> _Problem description_
Below are entries. Copy exactly the lines running from the line that holds "Answer: 2019 Which" to the line that holds "Answer: Increasing trend", with both ends included.

═══ Data shown

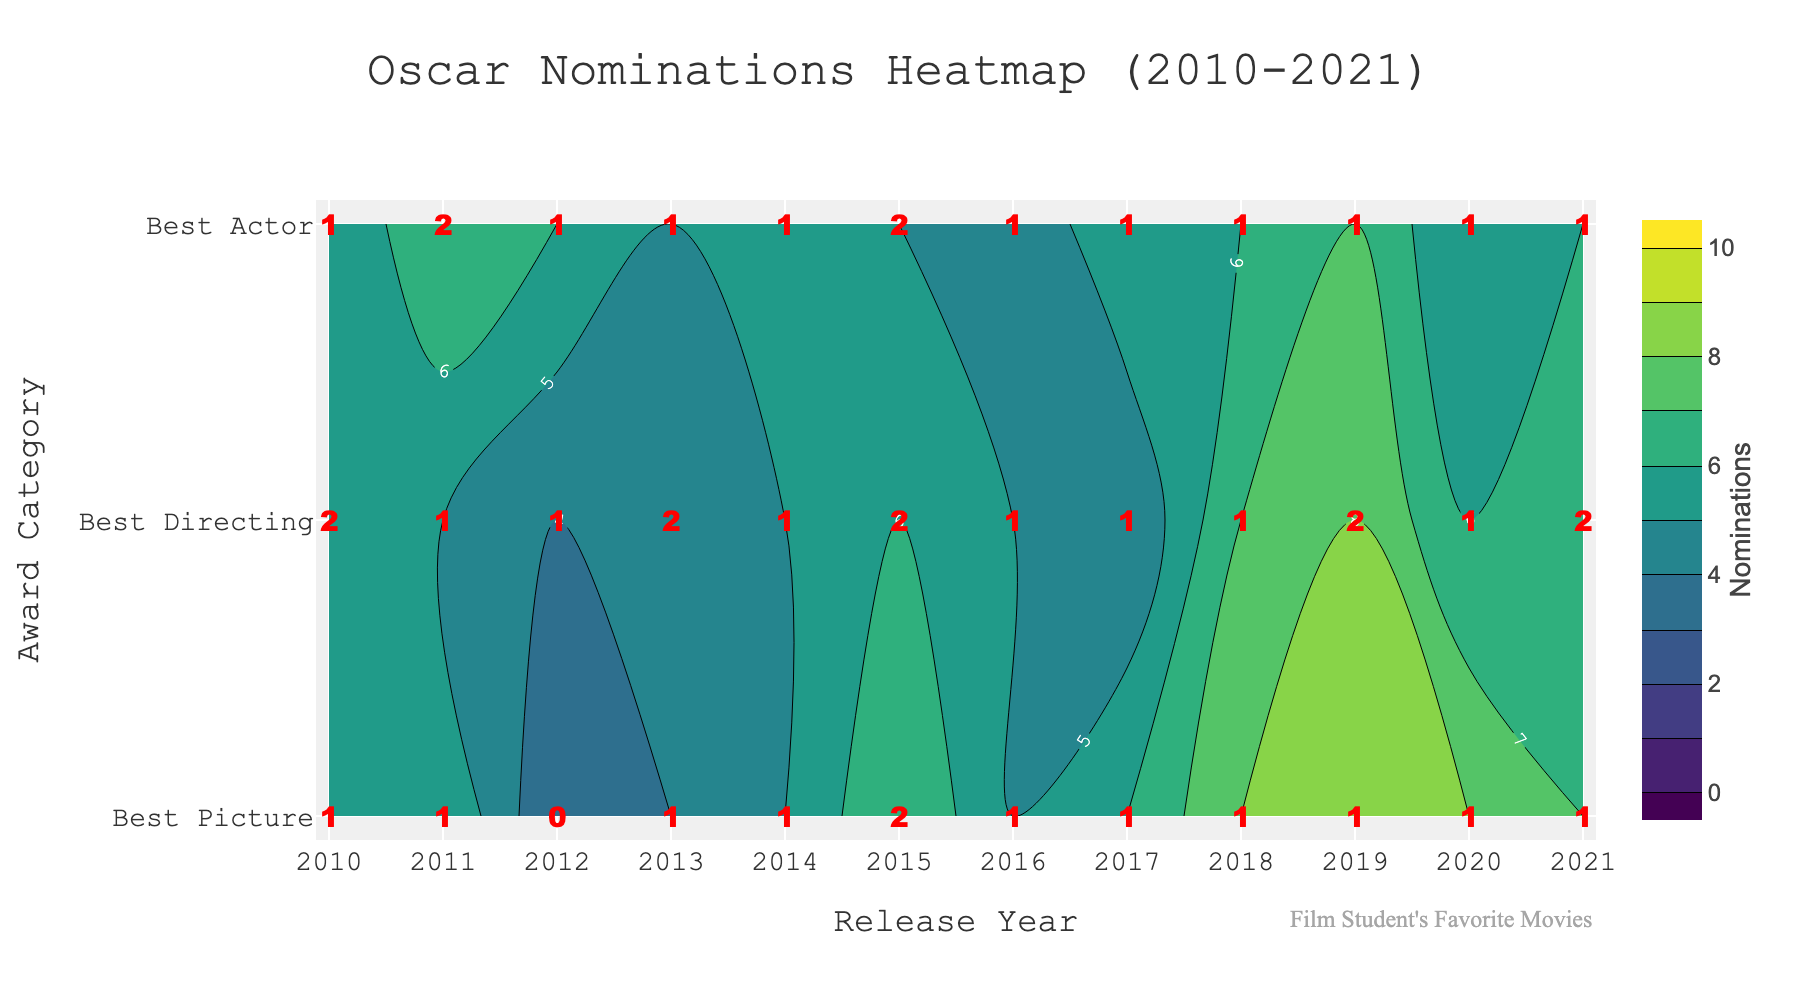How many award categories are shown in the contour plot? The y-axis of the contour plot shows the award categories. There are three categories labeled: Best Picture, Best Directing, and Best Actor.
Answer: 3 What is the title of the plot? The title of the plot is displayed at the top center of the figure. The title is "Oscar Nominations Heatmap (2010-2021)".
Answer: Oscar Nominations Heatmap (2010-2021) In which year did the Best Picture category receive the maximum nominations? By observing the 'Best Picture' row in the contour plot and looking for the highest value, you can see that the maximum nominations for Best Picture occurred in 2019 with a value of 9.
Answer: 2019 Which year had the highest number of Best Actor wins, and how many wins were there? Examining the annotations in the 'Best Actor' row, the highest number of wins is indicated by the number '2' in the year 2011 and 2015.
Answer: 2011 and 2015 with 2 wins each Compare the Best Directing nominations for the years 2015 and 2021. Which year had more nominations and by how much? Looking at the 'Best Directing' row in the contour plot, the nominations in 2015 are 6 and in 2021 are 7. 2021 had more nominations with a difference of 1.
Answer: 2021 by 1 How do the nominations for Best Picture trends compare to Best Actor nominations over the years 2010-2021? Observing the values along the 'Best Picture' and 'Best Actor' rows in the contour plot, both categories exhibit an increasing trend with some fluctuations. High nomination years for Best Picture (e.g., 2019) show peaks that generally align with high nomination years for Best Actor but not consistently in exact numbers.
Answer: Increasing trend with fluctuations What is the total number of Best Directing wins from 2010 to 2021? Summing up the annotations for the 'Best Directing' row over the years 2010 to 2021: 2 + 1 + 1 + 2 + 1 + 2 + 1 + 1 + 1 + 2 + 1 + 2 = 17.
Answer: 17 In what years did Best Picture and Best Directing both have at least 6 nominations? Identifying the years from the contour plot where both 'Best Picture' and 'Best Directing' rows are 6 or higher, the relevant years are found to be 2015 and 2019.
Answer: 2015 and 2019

══════

> _Response for this exercise_
Answer: 2019 Which year had the highest number of Best Actor wins, and how many wins were there? Examining the annotations in the 'Best Actor' row, the highest number of wins is indicated by the number '2' in the year 2011 and 2015.
Answer: 2011 and 2015 with 2 wins each Compare the Best Directing nominations for the years 2015 and 2021. Which year had more nominations and by how much? Looking at the 'Best Directing' row in the contour plot, the nominations in 2015 are 6 and in 2021 are 7. 2021 had more nominations with a difference of 1.
Answer: 2021 by 1 How do the nominations for Best Picture trends compare to Best Actor nominations over the years 2010-2021? Observing the values along the 'Best Picture' and 'Best Actor' rows in the contour plot, both categories exhibit an increasing trend with some fluctuations. High nomination years for Best Picture (e.g., 2019) show peaks that generally align with high nomination years for Best Actor but not consistently in exact numbers.
Answer: Increasing trend with fluctuations What is the total number of Best Directing wins from 2010 to 2021? Summing up the annotations for the 'Best Directing' row over the years 2010 to 2021: 2 + 1 + 1 + 2 + 1 + 2 + 1 + 1 + 1 + 2 + 1 + 2 = 17.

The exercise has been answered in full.